» Task instructions:
Give back an exact copy of the lines below, from the first through the line with "- car (1329,845,1360,870)"; please stop there.
>>>>
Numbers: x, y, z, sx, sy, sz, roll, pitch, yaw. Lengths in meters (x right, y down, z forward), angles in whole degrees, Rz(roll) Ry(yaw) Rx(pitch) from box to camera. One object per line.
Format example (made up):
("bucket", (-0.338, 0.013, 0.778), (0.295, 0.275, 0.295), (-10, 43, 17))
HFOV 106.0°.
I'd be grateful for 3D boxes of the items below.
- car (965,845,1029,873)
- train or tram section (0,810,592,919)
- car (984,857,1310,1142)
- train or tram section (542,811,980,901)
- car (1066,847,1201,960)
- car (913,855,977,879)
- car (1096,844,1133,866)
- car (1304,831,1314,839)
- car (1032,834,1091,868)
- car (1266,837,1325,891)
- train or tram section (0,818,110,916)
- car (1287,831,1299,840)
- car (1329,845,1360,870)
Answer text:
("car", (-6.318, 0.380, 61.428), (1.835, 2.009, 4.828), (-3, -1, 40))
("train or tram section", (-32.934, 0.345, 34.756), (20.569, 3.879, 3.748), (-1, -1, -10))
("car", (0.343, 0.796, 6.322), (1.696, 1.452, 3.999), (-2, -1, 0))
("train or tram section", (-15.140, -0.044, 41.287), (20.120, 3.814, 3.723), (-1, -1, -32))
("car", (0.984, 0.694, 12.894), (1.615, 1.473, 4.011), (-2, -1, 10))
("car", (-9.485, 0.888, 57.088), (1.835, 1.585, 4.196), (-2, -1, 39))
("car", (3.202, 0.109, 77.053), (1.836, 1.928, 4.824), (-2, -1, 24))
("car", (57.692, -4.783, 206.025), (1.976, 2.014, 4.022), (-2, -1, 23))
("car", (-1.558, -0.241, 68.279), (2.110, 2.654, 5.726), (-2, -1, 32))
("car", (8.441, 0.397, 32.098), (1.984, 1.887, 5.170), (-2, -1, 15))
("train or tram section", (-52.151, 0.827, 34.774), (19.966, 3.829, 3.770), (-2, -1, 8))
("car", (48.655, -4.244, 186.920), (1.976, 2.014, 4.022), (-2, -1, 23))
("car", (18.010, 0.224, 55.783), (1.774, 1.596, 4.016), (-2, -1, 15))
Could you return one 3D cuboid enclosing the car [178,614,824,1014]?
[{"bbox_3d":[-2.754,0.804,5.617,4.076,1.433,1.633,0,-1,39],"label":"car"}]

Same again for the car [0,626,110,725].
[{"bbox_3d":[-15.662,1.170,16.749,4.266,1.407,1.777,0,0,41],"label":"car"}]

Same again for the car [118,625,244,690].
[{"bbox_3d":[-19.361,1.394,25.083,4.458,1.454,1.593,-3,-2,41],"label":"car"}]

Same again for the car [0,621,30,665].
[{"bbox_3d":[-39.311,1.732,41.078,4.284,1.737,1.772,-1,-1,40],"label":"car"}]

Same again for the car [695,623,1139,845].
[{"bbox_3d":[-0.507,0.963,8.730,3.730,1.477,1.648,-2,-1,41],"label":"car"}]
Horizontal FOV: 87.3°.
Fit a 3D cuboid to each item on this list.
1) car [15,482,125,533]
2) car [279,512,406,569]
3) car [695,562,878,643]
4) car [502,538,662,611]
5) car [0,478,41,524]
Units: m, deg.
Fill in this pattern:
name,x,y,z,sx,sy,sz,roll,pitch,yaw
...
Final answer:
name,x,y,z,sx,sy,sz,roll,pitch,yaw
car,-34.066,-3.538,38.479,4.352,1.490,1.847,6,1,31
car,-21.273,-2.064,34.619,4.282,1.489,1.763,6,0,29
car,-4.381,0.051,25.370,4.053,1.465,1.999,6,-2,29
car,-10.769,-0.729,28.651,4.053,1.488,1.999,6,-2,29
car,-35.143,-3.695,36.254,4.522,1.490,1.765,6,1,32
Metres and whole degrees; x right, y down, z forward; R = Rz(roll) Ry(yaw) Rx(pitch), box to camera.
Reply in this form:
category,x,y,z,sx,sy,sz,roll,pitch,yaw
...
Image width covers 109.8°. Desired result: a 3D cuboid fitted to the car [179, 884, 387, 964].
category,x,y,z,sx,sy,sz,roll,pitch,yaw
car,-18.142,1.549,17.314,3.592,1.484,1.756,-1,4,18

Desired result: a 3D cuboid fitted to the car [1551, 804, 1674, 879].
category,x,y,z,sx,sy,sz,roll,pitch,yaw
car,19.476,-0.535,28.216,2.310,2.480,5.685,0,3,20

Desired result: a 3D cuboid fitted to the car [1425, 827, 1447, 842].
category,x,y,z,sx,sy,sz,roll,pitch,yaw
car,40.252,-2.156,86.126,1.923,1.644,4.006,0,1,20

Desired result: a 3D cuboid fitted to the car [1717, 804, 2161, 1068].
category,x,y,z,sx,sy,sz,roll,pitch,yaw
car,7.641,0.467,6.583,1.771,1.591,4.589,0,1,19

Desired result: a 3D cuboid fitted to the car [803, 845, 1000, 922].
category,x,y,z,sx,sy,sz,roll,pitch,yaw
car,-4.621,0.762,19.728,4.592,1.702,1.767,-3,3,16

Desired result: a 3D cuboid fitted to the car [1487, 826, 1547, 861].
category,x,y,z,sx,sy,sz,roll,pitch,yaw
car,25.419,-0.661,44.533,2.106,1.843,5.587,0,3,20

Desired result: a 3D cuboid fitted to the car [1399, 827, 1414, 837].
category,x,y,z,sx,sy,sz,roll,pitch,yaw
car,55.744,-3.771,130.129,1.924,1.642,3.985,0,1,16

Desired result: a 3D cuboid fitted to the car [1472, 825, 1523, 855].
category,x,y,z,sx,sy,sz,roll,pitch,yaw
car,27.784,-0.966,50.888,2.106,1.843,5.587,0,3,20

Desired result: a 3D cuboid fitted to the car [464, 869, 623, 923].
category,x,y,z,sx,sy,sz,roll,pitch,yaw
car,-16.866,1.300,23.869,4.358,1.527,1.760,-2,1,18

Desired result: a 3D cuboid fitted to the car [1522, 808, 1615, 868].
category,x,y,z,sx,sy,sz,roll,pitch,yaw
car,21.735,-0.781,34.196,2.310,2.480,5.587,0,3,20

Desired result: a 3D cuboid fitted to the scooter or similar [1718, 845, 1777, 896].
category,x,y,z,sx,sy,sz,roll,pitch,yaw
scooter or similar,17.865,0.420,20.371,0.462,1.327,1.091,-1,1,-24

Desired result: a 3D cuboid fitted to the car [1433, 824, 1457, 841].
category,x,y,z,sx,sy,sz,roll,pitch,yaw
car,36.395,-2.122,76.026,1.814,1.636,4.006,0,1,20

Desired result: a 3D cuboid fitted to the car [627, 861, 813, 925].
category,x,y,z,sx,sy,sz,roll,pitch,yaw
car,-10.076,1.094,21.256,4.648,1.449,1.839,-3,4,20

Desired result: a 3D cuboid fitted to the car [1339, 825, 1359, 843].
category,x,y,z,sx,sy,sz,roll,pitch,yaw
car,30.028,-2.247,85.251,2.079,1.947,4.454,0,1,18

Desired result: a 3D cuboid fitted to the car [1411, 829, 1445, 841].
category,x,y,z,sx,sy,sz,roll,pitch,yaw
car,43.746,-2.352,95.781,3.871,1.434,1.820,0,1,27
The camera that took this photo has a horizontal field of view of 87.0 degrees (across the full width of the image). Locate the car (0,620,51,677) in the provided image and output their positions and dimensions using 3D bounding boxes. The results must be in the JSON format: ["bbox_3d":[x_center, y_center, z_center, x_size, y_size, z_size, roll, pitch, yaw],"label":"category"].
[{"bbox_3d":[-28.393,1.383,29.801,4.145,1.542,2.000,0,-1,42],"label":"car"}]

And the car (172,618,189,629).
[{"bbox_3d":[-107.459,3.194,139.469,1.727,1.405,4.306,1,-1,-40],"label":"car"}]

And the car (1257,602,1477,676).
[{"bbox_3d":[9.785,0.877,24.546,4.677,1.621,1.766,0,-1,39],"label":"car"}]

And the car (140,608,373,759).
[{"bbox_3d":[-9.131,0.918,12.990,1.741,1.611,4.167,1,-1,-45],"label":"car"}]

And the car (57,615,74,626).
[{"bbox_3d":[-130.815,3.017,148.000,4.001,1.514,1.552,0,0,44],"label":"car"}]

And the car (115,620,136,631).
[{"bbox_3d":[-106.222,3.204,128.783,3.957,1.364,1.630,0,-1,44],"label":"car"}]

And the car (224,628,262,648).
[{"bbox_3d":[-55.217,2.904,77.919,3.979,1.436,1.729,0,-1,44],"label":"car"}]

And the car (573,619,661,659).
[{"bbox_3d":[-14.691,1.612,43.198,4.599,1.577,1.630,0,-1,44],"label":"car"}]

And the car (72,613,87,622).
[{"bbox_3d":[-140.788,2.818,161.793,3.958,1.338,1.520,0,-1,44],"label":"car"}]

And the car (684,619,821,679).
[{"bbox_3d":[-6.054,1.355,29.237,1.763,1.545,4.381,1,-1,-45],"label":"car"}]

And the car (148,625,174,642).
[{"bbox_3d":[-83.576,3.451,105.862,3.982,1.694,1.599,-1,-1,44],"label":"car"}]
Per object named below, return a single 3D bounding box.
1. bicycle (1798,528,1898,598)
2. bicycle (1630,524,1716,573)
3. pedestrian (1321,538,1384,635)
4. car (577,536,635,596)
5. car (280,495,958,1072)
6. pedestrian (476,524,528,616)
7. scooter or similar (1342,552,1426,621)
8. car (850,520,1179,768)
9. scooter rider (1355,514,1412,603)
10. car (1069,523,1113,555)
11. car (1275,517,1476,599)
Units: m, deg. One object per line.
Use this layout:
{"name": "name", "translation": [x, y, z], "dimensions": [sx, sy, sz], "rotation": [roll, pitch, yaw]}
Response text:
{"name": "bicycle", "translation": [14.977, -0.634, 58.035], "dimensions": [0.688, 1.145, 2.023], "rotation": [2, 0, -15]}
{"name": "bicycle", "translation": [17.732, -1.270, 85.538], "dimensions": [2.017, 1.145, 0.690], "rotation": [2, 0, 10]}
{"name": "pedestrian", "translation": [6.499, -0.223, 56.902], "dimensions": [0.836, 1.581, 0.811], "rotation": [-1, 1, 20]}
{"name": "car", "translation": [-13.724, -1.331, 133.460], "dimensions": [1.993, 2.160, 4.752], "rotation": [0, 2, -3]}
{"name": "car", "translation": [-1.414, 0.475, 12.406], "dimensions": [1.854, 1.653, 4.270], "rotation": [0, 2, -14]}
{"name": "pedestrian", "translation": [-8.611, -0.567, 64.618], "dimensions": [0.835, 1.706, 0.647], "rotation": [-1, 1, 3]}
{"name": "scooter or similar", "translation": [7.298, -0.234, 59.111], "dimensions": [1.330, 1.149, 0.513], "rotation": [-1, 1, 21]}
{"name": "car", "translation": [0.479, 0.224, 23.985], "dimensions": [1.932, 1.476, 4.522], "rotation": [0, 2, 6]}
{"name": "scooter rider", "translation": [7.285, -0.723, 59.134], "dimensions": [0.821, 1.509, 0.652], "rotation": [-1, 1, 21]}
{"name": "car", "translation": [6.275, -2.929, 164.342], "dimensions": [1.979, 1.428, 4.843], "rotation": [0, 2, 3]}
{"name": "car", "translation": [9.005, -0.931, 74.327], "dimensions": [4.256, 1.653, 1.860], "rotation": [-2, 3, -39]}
<<<<
» Task response:
Numbers: x, y, z, sx, sy, sz, roll, pitch, yaw. Lengths in meters (x right, y down, z forward), angles in whole degrees, Rz(roll) Ry(yaw) Rx(pitch) from box to camera. One object per line.
Format example (made up):
("bucket", (-0.338, 0.013, 0.778), (0.295, 0.275, 0.295), (-10, 43, 17))
HFOV 106.0°.
I'd be grateful for 3D boxes of the items below.
- car (965,845,1029,873)
- train or tram section (0,810,592,919)
- car (984,857,1310,1142)
- train or tram section (542,811,980,901)
- car (1066,847,1201,960)
- car (913,855,977,879)
- car (1096,844,1133,866)
- car (1304,831,1314,839)
- car (1032,834,1091,868)
- car (1266,837,1325,891)
- train or tram section (0,818,110,916)
- car (1287,831,1299,840)
- car (1329,845,1360,870)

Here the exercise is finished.